The conventional wisdom for convolutional neural networks (CNNs) is to make the batch size a power of 2 because of the optimizations performed later in the convolutional layers. The optimizations here relate to computer optimization, in other words the acceleration.

Similar logic applies to Fast Fourier Transformation (FFT). However, the FFT is best used when it comes to a size that is a power of prime numbers (for example, $$2 ^ M3 ^ N5 ^ P$$ or $$M, N, P$$ are positive integers.) I wondered if this applied to CNN as well.

## Is there a series of powers \$ sum_ {n = 1} ^ { infty} a_nx ^ n \$ such that \$ lim_ {n to infty} frac {a_ {n + 1}} {a_nx ^ n} \$ diverge?

The usual examples of the power series $$sum_ {n = 1} ^ { infty} a_nx ^ n$$ in the calculation texts always satisfy the fact that "$$lim_ {n to infty} frac {a_ {n + 1}} {a_n}$$ converge. "Is there an example of power series such as $$lim_ {n to infty} frac {a_ {n + 1}} {a_n}$$ divergent?

## pr.probability – expected value of the powers of a Gaussian matrix

Let $$Z$$ to be a fixed $$d times d$$ matrix and leave $$G$$ to be a chance $$d times d$$ matrix with each entry i.i.d. $$N (0, 1)$$.

Is it true that:

$$mathrm {Tr} ( mathbb {E} _G[ (Z^T + G^T)^ell (Z + G)^{ell-k-1} Z (Z+G)^k ] ) geq 0 :,$$

or $$ell, k$$ are positive integers and $$ell – k geq 1$$?

When $$d = 1$$, this reduces to:

$$mathbb {E} _g[ (z+g)^{2ell – 1} z ] geq 0 :,$$

which is easy to verify, since the LHS is of the form $$a_2 z ^ 2 + a_4 z ^ 4 + … + a_ {2 ell} z ^ {2 ell}$$ with positive coefficients.

## powers – Do quick objects to grab and move (damage) work together?

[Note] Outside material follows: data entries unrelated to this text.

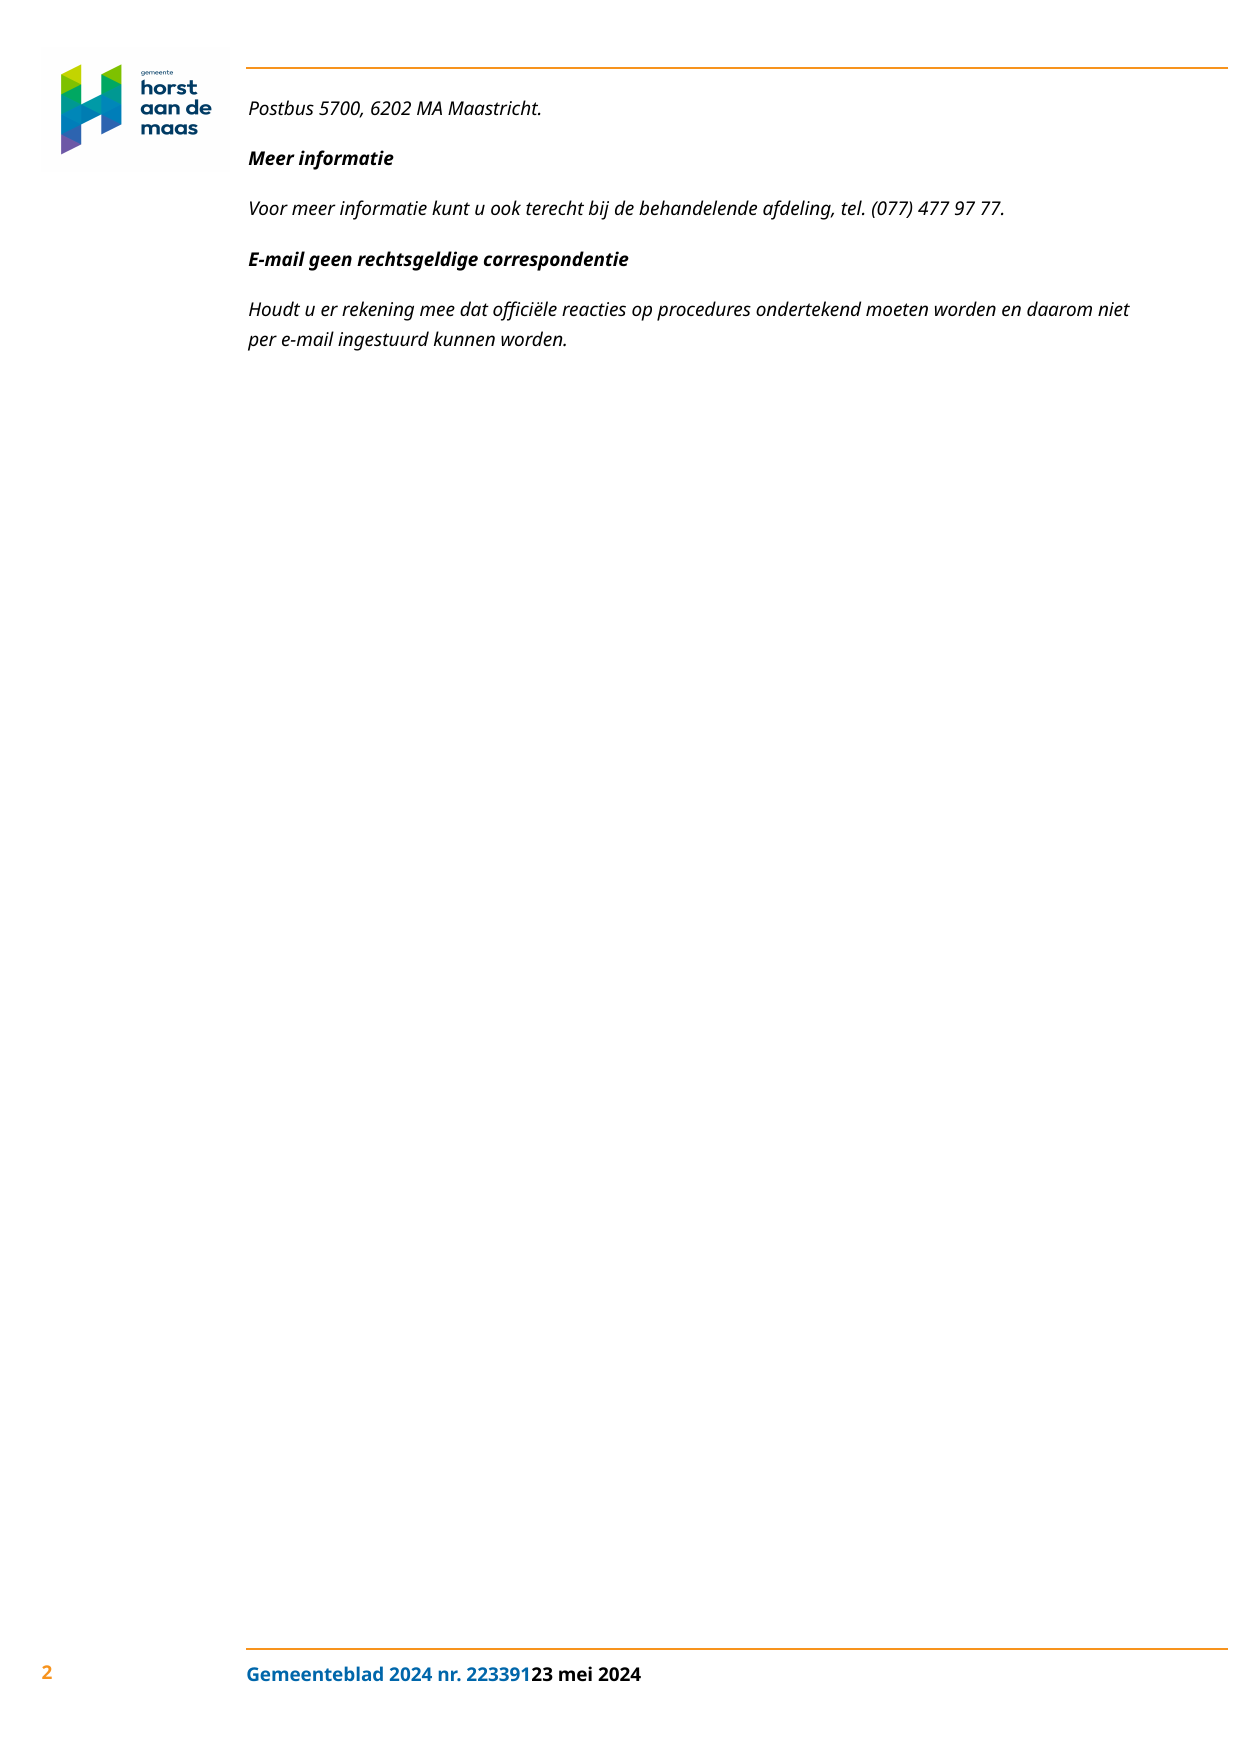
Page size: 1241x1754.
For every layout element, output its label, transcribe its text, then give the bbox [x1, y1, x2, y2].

text Voor meer informatie kunt u ook terecht bij de behandelende afdeling, tel. (077) 477 97 77. [248, 196, 1152, 221]
picture [41, 47, 231, 172]
text Houdt u er rekening mee dat officiële reacties op procedures ondertekend moeten worden en daarom niet per e-mail ingestuurd kunnen worden. [248, 296, 1152, 352]
text E-mail geen rechtsgeldige correspondentie [248, 246, 1152, 272]
text Postbus 5700, 6202 MA Maastricht. [248, 95, 1152, 121]
text Meer informatie [248, 145, 1152, 171]

The damaging modifier on the Move an object Power (page 119) states:

Damage: Your effect can deal damage, such as a Normal Force application with damage equal to its rank. This includes targets that can be injured in seizure and remote attacks.

The text would imply that Move Object is able to "grab" a target:

This includes damaging targets to win

In addition, the DCA version of the Hero Handbook contains six examples of moving objects used to move and grab people, the Wonder Woman's Lasso of Truth being the most important.

the Fast entry Advantage (page 84) indicates:

When you hit with an unarmed attack, you can immediately perform an immediate check against that opponent as a free action (see Capture, page 196). Your unarmed attack deals its normal damage and counts as initial attack check required to seize your opponent.

The question is:

## Is a remote telekinetic version of an unarmed strike considered an unarmed strike for the purpose of quick entry?

And would it be different to use Fast Grab during a close attack that required a real unarmed strike?